User[] currentUsers = new User[currentUserCount + 1];
Memory<User> current = new Memory(currentUsers, 0, currentUserCount);
ref object? obj = ref Unsafe.As<Memory<User>, object?>(ref current);
int written = MemoryPackSerializer.Deserialize(binaryData, ref obj);
// I could use written in case I want to advance some index, perhaps as part of buffer or whatever
// for the sake of the example I won't use ^1 and use the written instead
currentUsers[written] = newUser;
binaryData = MemoryPack.Serialize(currentUsers);

Which logically should produce similar results as Memory.Slice is also very efficient and doesn't actually change the backing array. But even after the Deserialize call, my debugger showed that the backing array was unchanged (remained only initialized without the deserialized data). And my unit tests failed.

Btw, as it currently stands, written doesn't actually tell the count of deserialized items, it just returns the length of binaryData which means if you are expecting to get 3 Users, from a byte[] of length 80 for instance, written would be 80, and trying to use it to advance indexes will throw you out of bounds. (So this is also a bug)

I know that implementing such a change would lead to thinking that it would mean a lot of overloads and code to add, but you don't really need much, supporting Span<T> would cover 99% of cases, as you can get the span out of arrays and lists and they are the most common data types for such operations.
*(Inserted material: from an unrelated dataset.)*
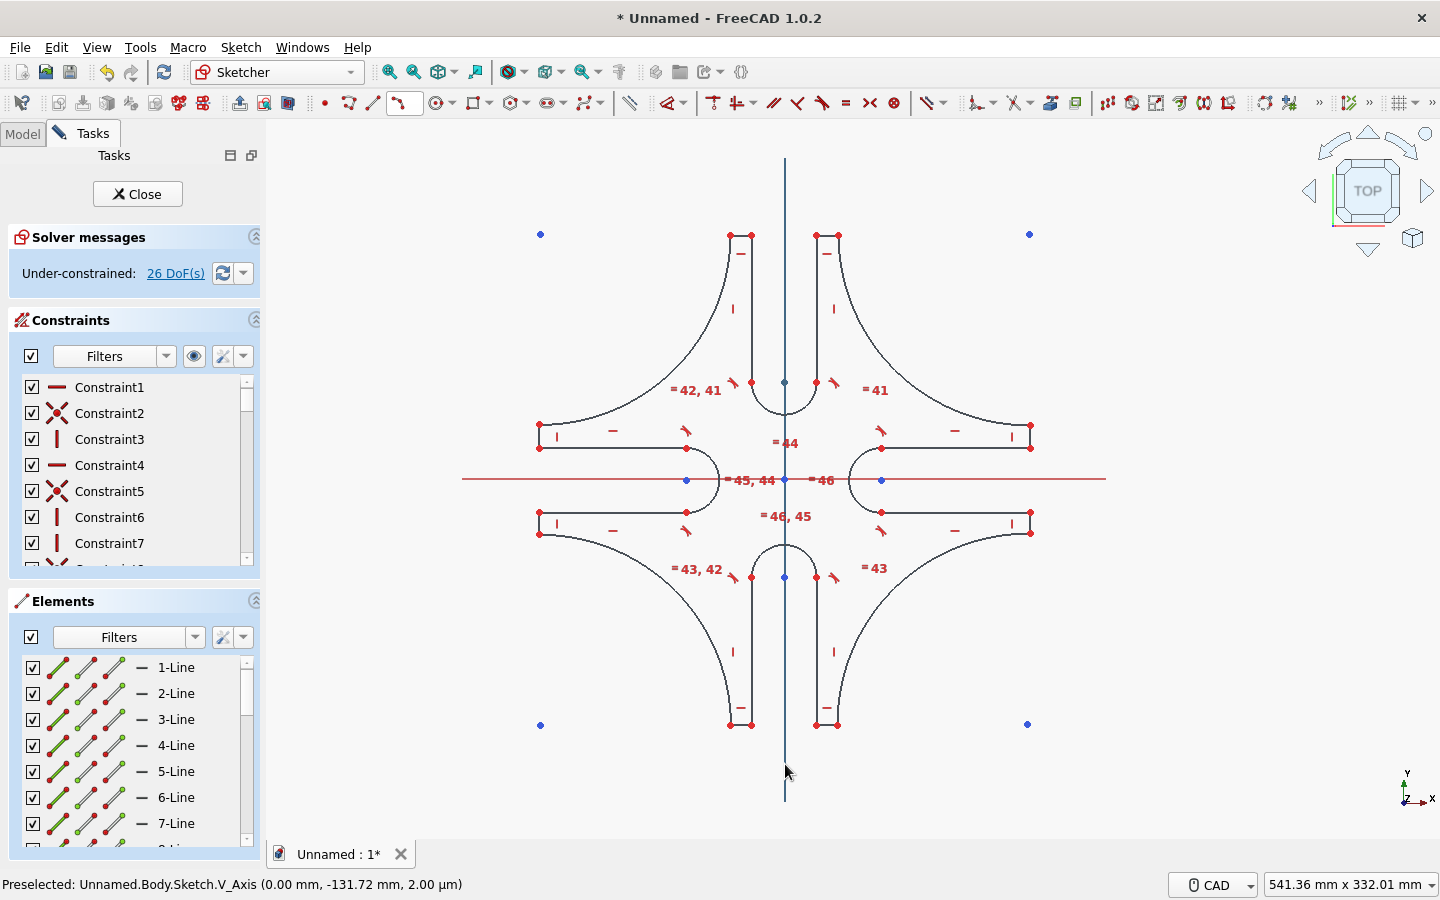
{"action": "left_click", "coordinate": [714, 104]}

dusrdev commented 1 week ago

I managed to find a workaround for now:

// Input
ReadOnlySpan<byte> serialized = ... // This is the serialized data
int length = ... // length of T[] before serialization
// Actual work
var state = MemoryPackReaderOptionalStatePool.Rent(null);
var reader = new MemoryPackReader(data, state);
var arr = new T[length + 1];
Span<T?> span = arr.AsSpan(0, length)!;
reader.ReadSpan(ref span);
arr[length] = new T() // the added item
// Then proceed to serialize after addition
var newSerialized = MemoryPackSerializer.Serialize(arr);

This works, and definitely better than allocating a new array just for deserialization. However, it is still suboptimal as:

By the way - BUG: as the documentation explains, the overwrite method, if receives a collection that has a .Clear() method, will instead just clear the existing instance and reuse it. I tried to leverage this to hack a different workaround, such as:

public class ICollectionWrappedArray<T> : ICollection<T> {
    private readonly T[] _arr;
    private int _index;
    public ICollectionWrapperArray(T[] arr) {
        _arr = arr;
    }
    // Empty ctor required for MemoryPack for some reason - otherwise runtime error
    public ICollectionWrapperArray() { _arr =[]; }
    public void Add(T item) {
        _arr[_index] = item;
        _index++;
     }
     public void Clear() { _index = 0; }
     // Rest of implementation doesn't really matter for this use case
}

// The instead of the span workaround above
T[] newArr = new[length + 1];
var collection = new ICollectionWrappedArray(newArr);
int written = MemoryPackSerializer.Deserialize(serializedData, ref collection);

This should have worked according to the documentation, as the collection has .Clear method, it should have just reset the index (which was 0 in any case), then just added to the array.

But, my tests failed, and after debugging I saw that it always went to the empty ctor, causing it to allocate a new array instead of using the one that was provided.